Лежала в бабьей невменяемости страна, опоенная чем–то не то чтобы крепким, но дурным, а мужиков у нее, защитников не было. Так, приткнулся какой–то, подгребя под щеку половики и пустив на них слюну, да неподалеку суетились у багажников, перегружали что–то; а мужиков не было. Хозяином у магазина себя назвал... только и хозяйства, что в штанах. Жены теперь у нас хозяйничают, вот кто. Бабья власть. Никто не берет, они и взяли.
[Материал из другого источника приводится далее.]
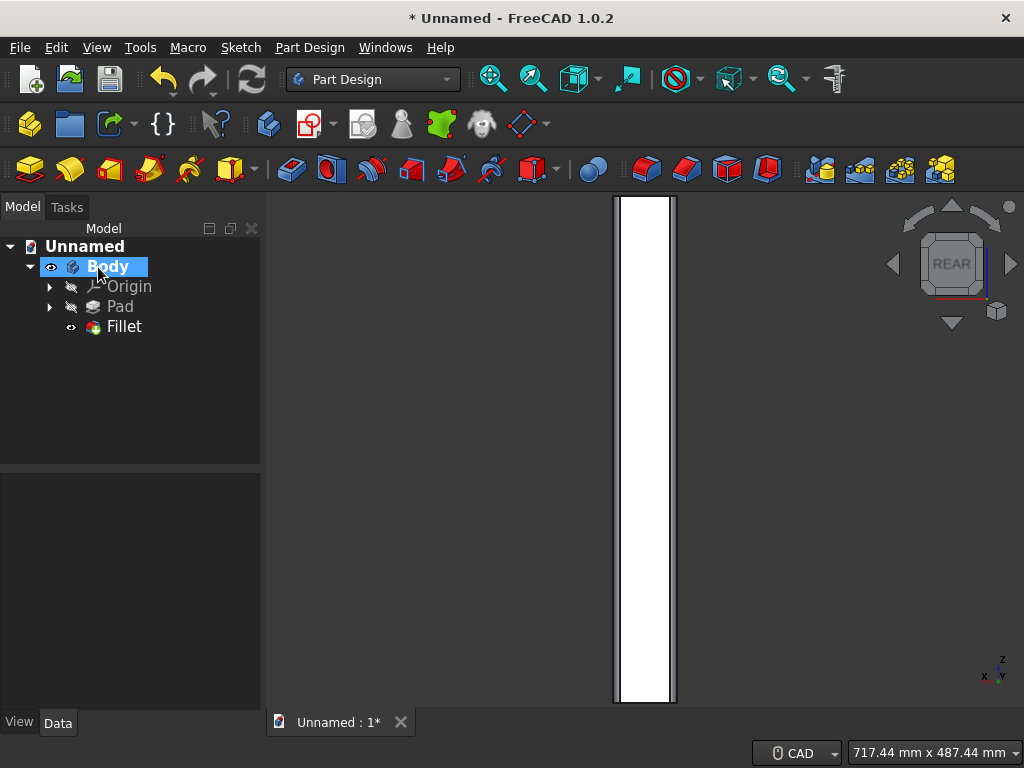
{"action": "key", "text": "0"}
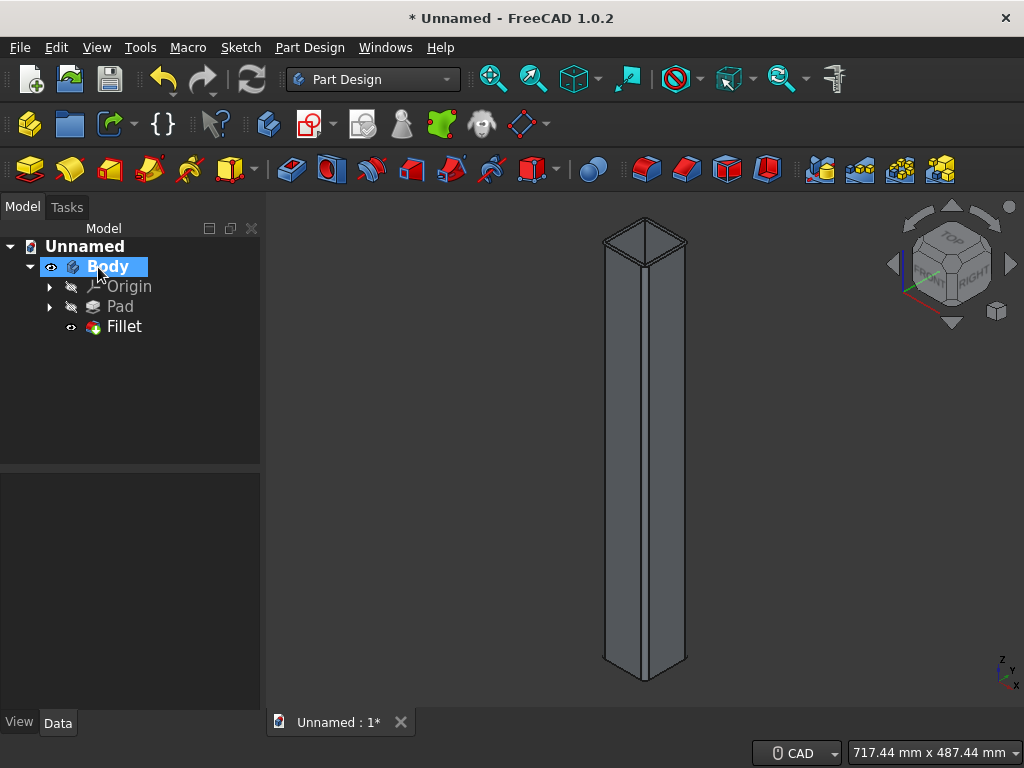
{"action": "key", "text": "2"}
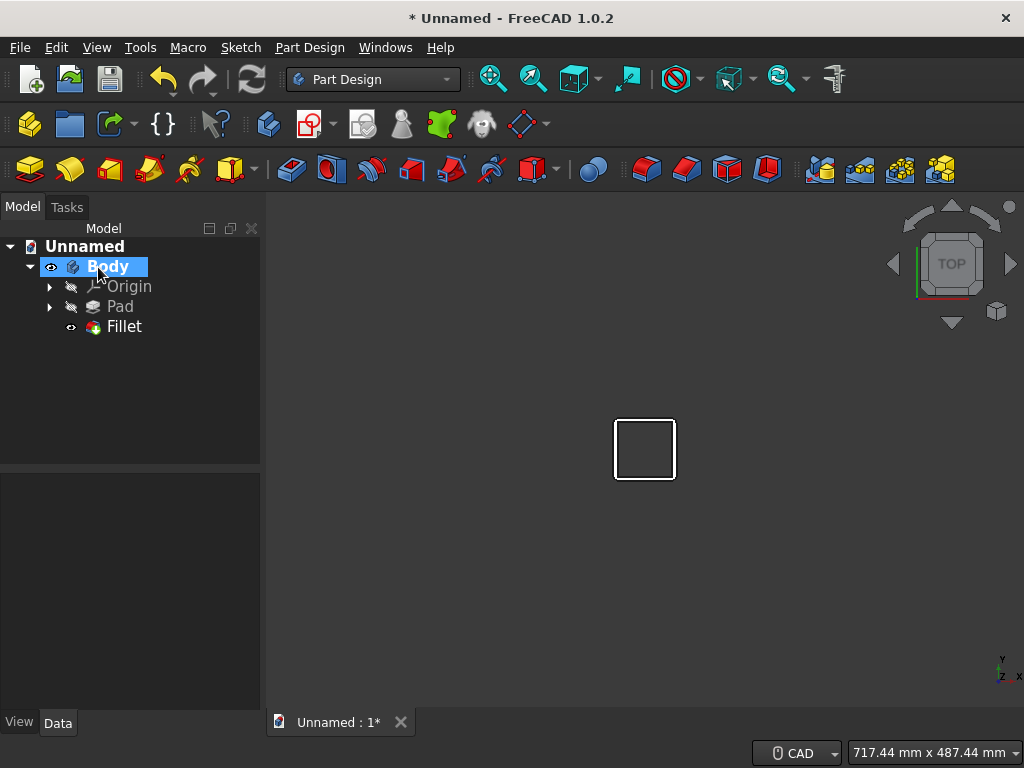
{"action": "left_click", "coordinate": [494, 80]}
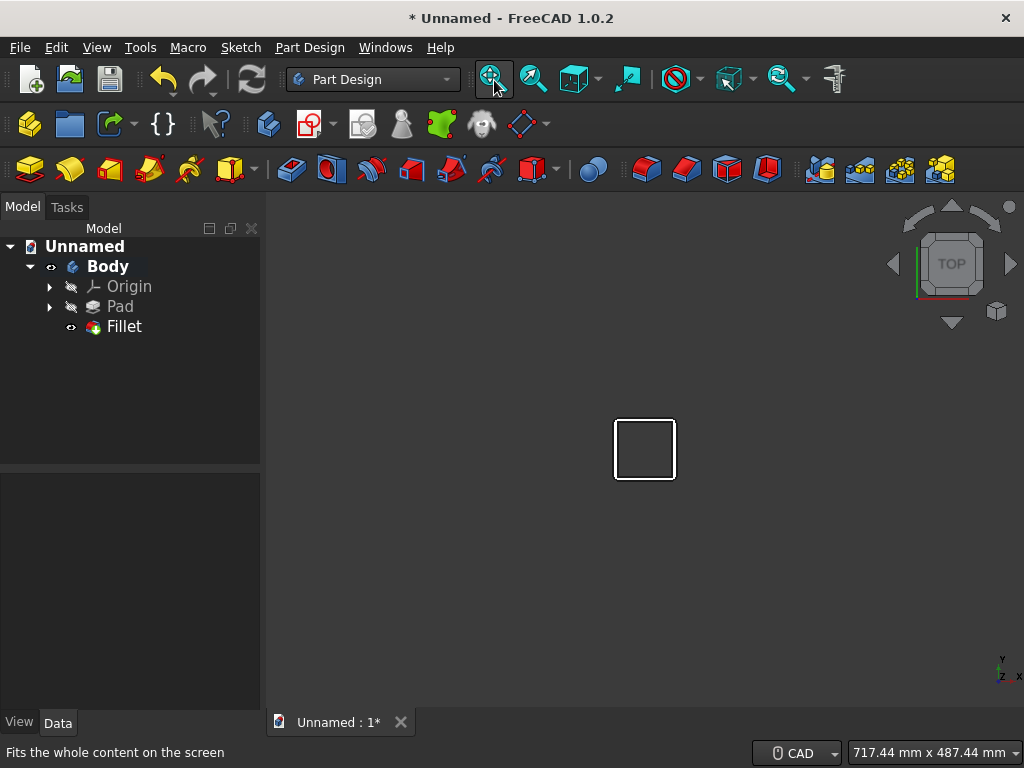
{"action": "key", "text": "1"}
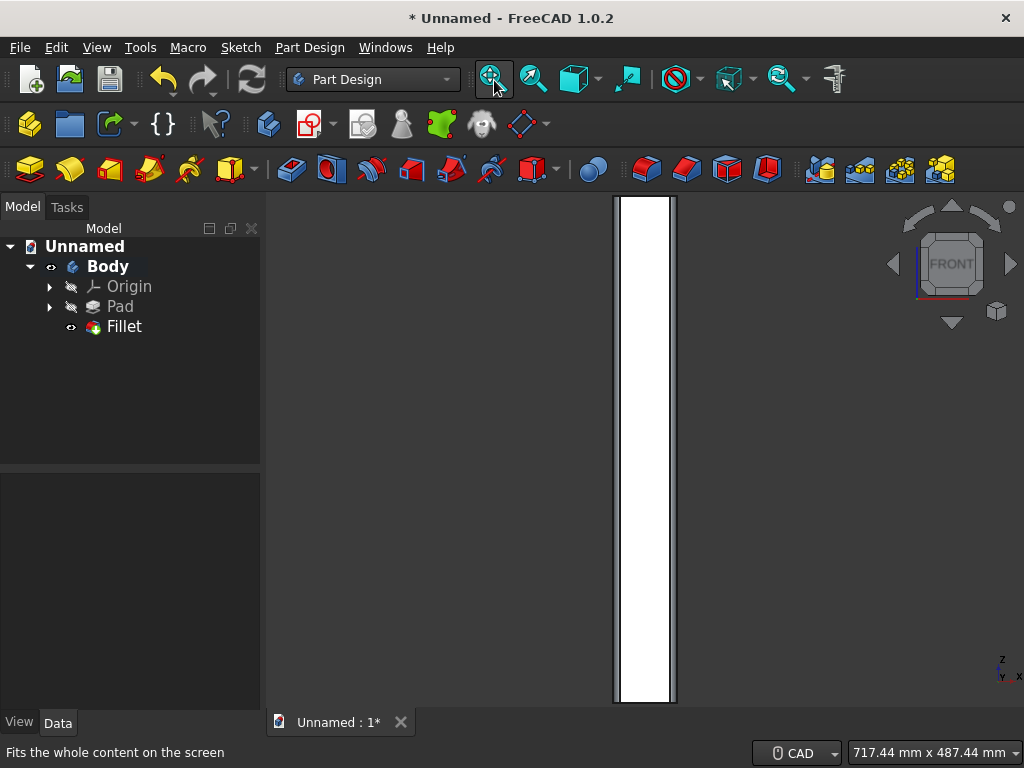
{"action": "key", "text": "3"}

Взяли, с земли подобрали, есть такая партия –под каждой драной даже крышей, в самых, как твой учитель говорит, запселых углах жизни, сверху донизу. Холостяк, не все, может, ему знаемо изнутри, детишек–то своих за руку не водил — но ведь и видней со стороны, в этом–то ему не откажешь. Сильней, говорил, партии нету, тем более идею теперь ей подкинули, руководящую — выживать... Кого или чего выживать – не вопрос: мужской здравый смысл, чего ж еще, волю его к делу человеческому, а не животному. Ибо, говорил, какой ценой выживать, — женщина никогда не спрашивала и не спросит, ее дело жизнь сохранить как угодно и хоть в каком виде, ребенка и свою, сейчас и сегодня — хоть даже ценой завтрашнего небытия нашего, общего, может быть. И упаси Бог упрекать ее в том и бесчеловечно спрашивать; но допускать ее к решению — какой ценой? — еще хуже. Некуда хуже, а мы допустили. Нас, мужчин, не стало, нашей воли нравственной, нашей вперед смотрящей заботы о завтрашнем не стало — и над человеческим завтра восторжествовало животное сегодня. Животный матриархат, уточнял учитель и кивал на город за окном, в этом свинюшнике. Место «мужа здрава и честна» незаметно как и когда занял чей–то личный обленившийся супруг, за право не ходить по продмагам, не мыть посуду и смотреть беспошлинно, ящик уступивший свое природное право решения, все сие под сенью профилактических со стороны супружницы сцен и скандалов, благо законодательством все это ей обеспечено... Впрочем, посложней все тут, поистеричней; и не муженька, конечно же, надо жалеть, а ее, поднявшую на свое горе с земли такую бяку — ну, что она с ним делать будет, с этим правом, что делает?!

Нет зрелища печальней.

Самозабвенно, бедолага, до смерти может в тряпочках своих копаться, в мелочевке, в следствиях — но причин поискать, в основанья бед своих заглянуть и не подумает; ну, просто в ум не придет, даже если таковой и есть — поскольку, в буквальном смысле, не ее это ума дело, а твое, мужское. Зато уж никто лучше ее не сумеет отговорить правду–матку начальству в глаза резать или за други своя постоять — отговорит, не перескандалит, так угладит. И на площадку лестничную не пустит, где соседа бьют, и антигражданка первая, за рукав, как мужа, одернет тебя зло в очереди, когда куражиться в ней начнет какой–нибудь замухрышка пьяненький; не, само собой, первая же трястись подбрудками будет, глупая, ожидая запоздавшую с гулянья дочку, по комнатам ходить, обвешанным коврами, в халате и подвывать от страха. А при пустяковом, слава Богу, случае – заигрался сынок, рассек переносицу, кровью глаза залило, – обезумеет, одуреет в истерике и будет биться жирной грудью обо что ни попало, не в состоянии даже кровь ему вытереть, остановить, рев ребенка остановить беспомощного, который не столько, может, крови испугался, сколько истерики мамашиной, – это она–то, такая в ссорах домашних беспощадная, зоркая, безошибочно знающая, где уязвить, прямой ногой не раз первой ступавшая на трону семейной войны.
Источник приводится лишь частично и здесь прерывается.